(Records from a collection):
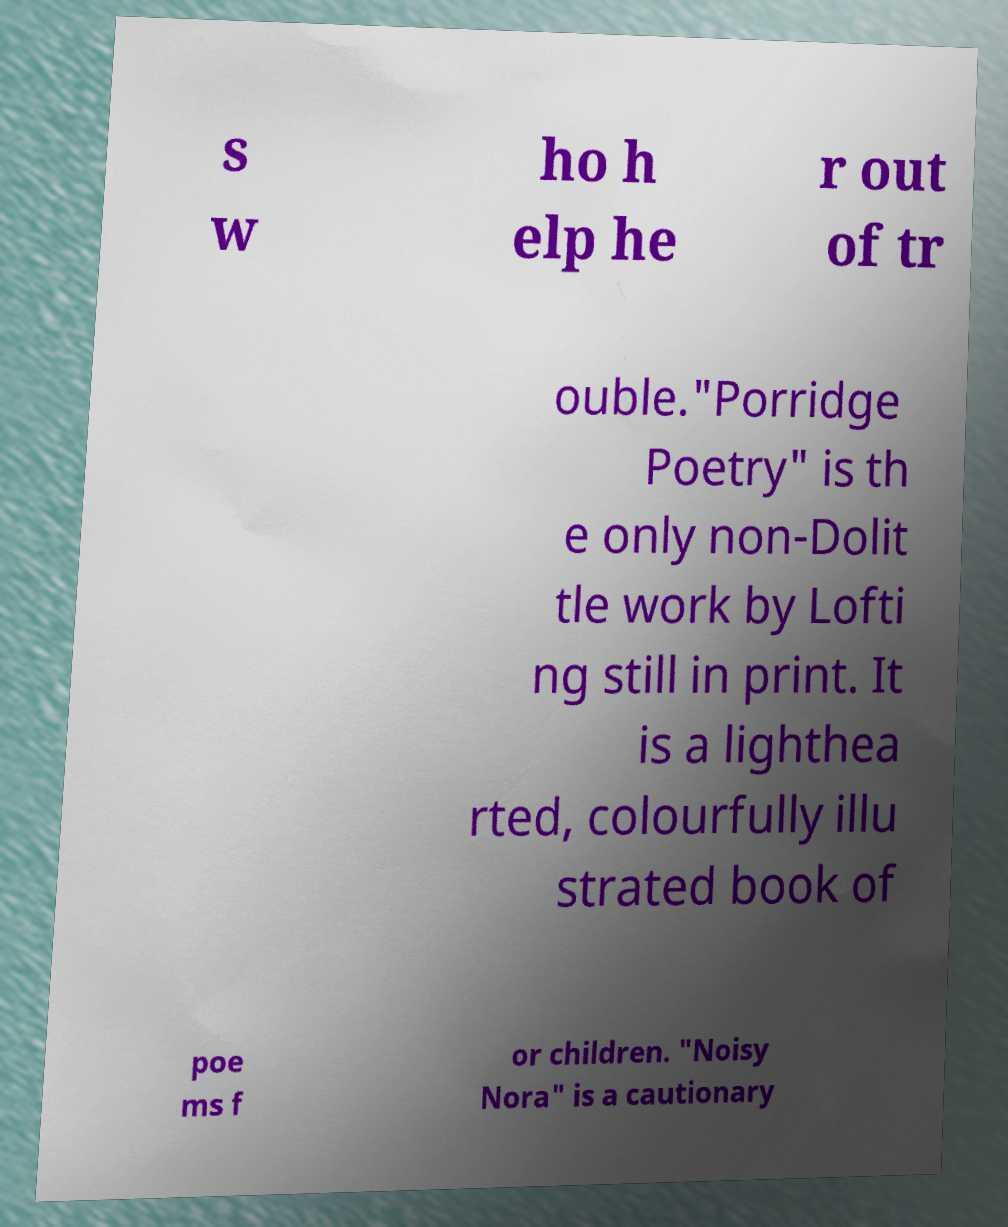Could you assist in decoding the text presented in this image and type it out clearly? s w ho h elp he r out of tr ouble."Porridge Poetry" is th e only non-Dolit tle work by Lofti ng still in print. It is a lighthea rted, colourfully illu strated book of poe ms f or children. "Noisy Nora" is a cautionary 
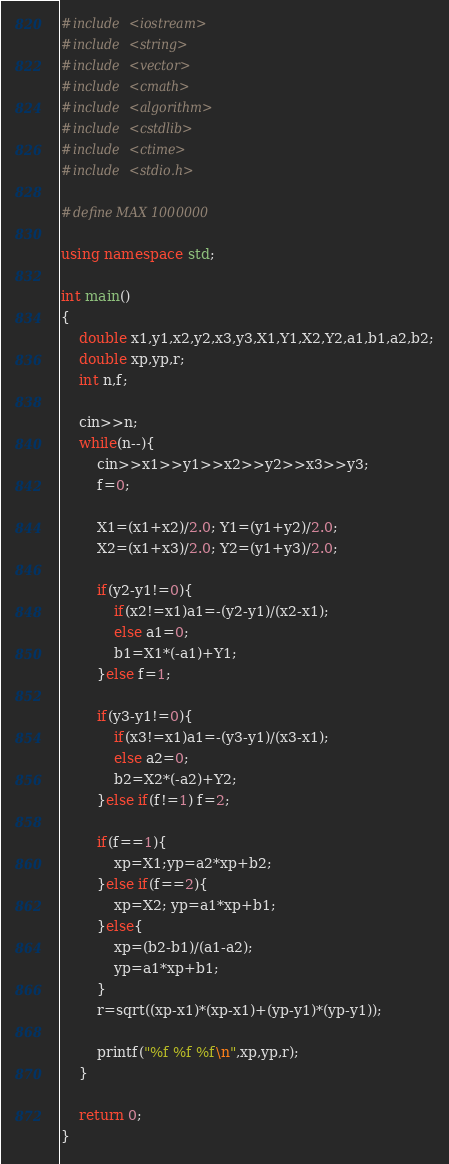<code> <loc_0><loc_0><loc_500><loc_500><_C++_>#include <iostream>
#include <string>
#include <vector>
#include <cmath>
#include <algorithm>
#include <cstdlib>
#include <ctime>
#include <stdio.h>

(EXERCISE OBJECTIVE): Word for word, restate only the lines from the one containing "#include <algorithm>" through the last line of the entries, with both ends kept.

(REPLY):
#include <algorithm>
#include <cstdlib>
#include <ctime>
#include <stdio.h>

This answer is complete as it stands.